To examine other types of support received from children such as physical assistance and care in old age, Table 3 provides information on multiple generations' co-residence by male and female. These summary statistics provide a snapshot of whether more females or males tend to reside with their children which then increases the likelihood of receiving care and support (Chan 1997, 1999).

Table 3 Household structure (number of persons per household) by sex of the widowed elderly by sex, Singapore, 2005

Given data limitations, Table 3 only provides statistics for widowed males and females. Assuming that men and women are widowed in old age, these statistics provide some description of older adults who were alone and those who moved in with their children and/or grandchildren. A majority of widowed women (89%) and men (86.4%) moved to co-reside with their adult children. Slightly more than a tenth (11%) co-resided with their children and grandchildren or even great grandchildren. About 14 percent (13.6%) of widowed older men co-resided with three or more generations.

As such, it can be summarized that older women's dependence on their children is similar to that of men and takes various forms. This consists of income support, children as the main source of financial assistance, and children as co-payers for health care, as provider of care, and co-residents.

Conclusions

A key demographic feature in Singapore is that women have longer years of life than men. Living beyond 80 years for Singaporean women is a human success story, and this paper has shown that they are on par with their Northern European counterparts. This parity has been achieved at a relatively short period of 45 years when Singapore progressed from a British colony to a high-income industrialized country. This is where the convergence between Singapore and Northern Europe ends. Older women in Singapore are less likely to live well and have a high quality of life, as their health status declines with age. This is because, historically, Singapore has not developed a responsive social welfare system similar to Northern Europe. This paper has shown that the current cohort of older Singaporean women aged 65 and above now have a lower socio-economic position later in life, exacerbated by lower social security. These women have no or little formal education; low level of occupational status; and limited social security protection as few worked outside of the home in the formal sector.
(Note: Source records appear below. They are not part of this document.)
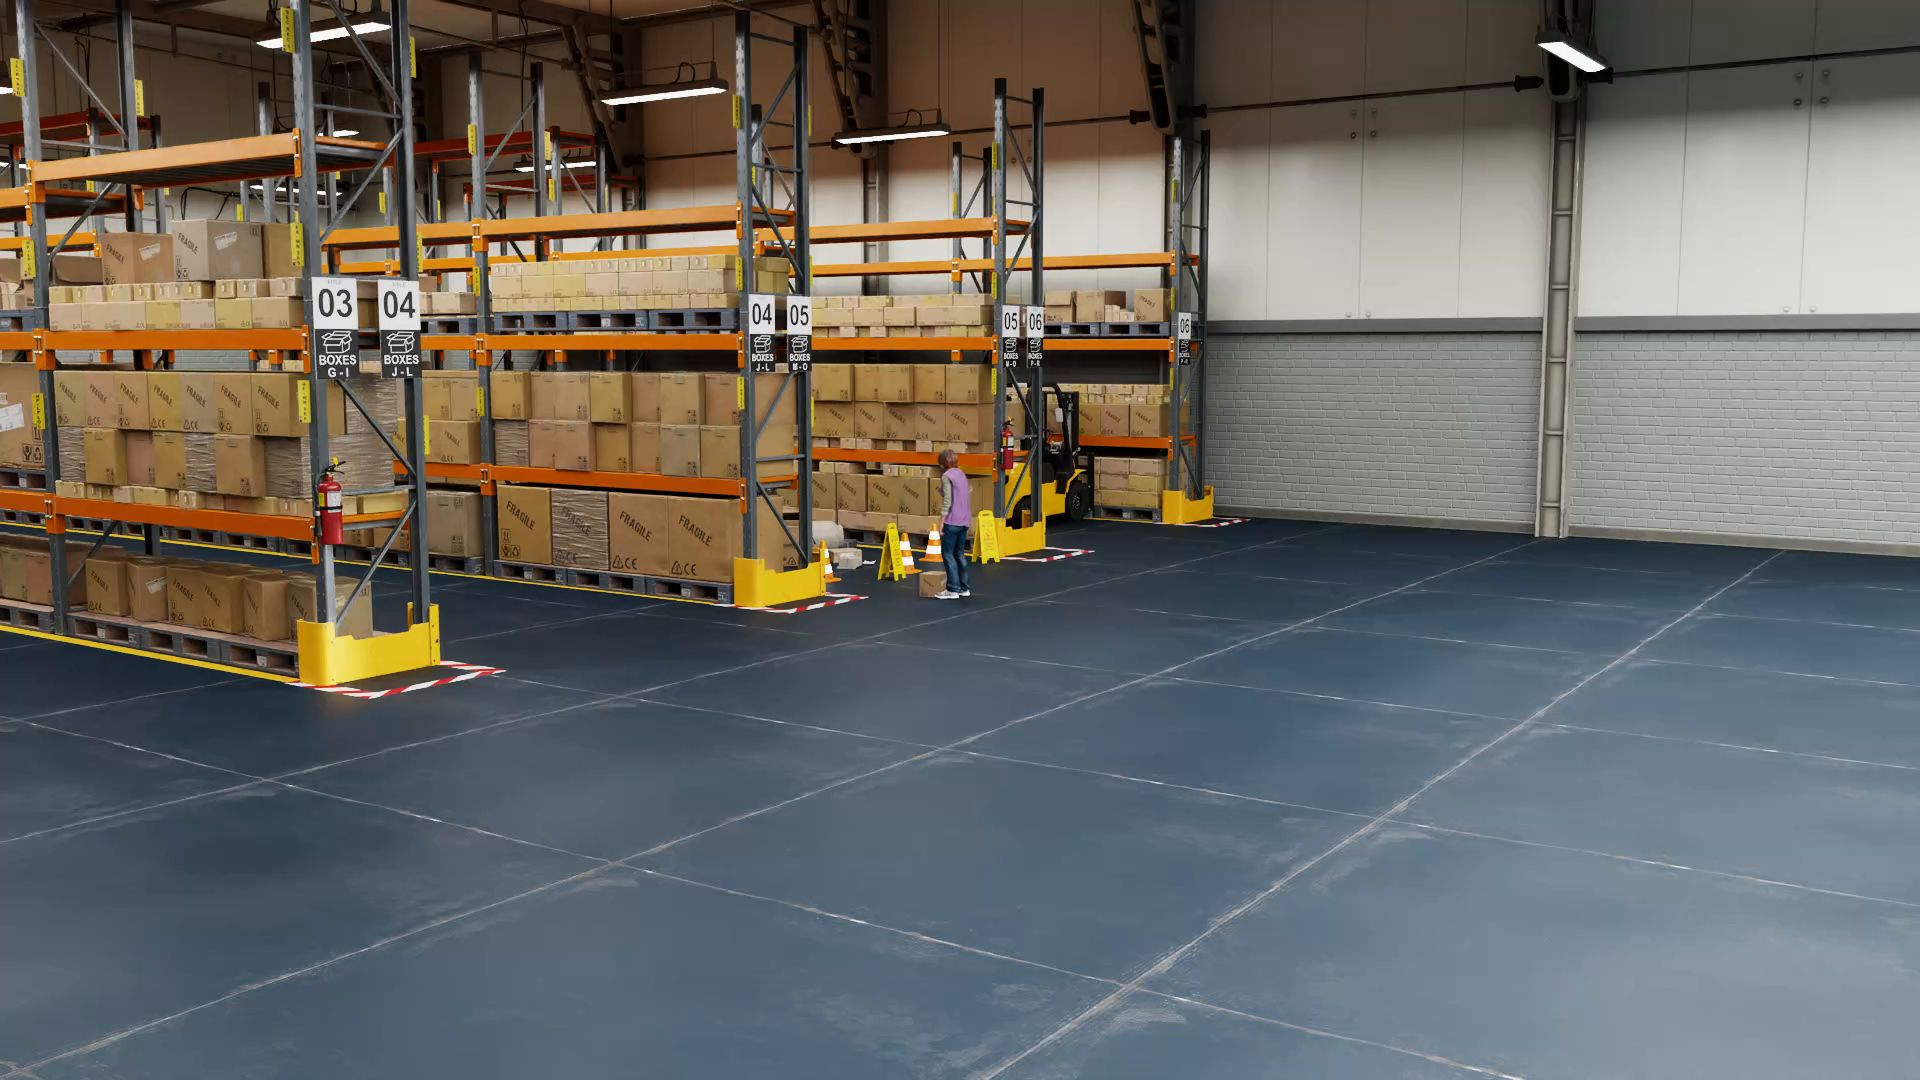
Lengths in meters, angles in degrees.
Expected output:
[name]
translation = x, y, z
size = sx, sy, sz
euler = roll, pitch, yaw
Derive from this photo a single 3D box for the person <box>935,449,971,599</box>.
[person]
translation = -0.068, -0.174, 17.720
size = 0.347, 1.593, 0.476
euler = 4, 8, 32

Given how economic and social policies have evolved in Singapore over time, older women tend to fall back on their children and not on their spouses for old-age support. Children's support is manifested in various ways—financial for out-of-pocket health care expenses, co-residence, and care giving. As there are fewer children in Singapore for the old to depend on, this situation may not be tenable in the long term.

Given their fragile economic and social circumstances, older women in Singapore are a vulnerable group as their health status declines with age. Optimistically, the future generations of women in Singapore who are better educated and have a higher occupational status will be able to better insulate themselves against the risks faced by women in old age.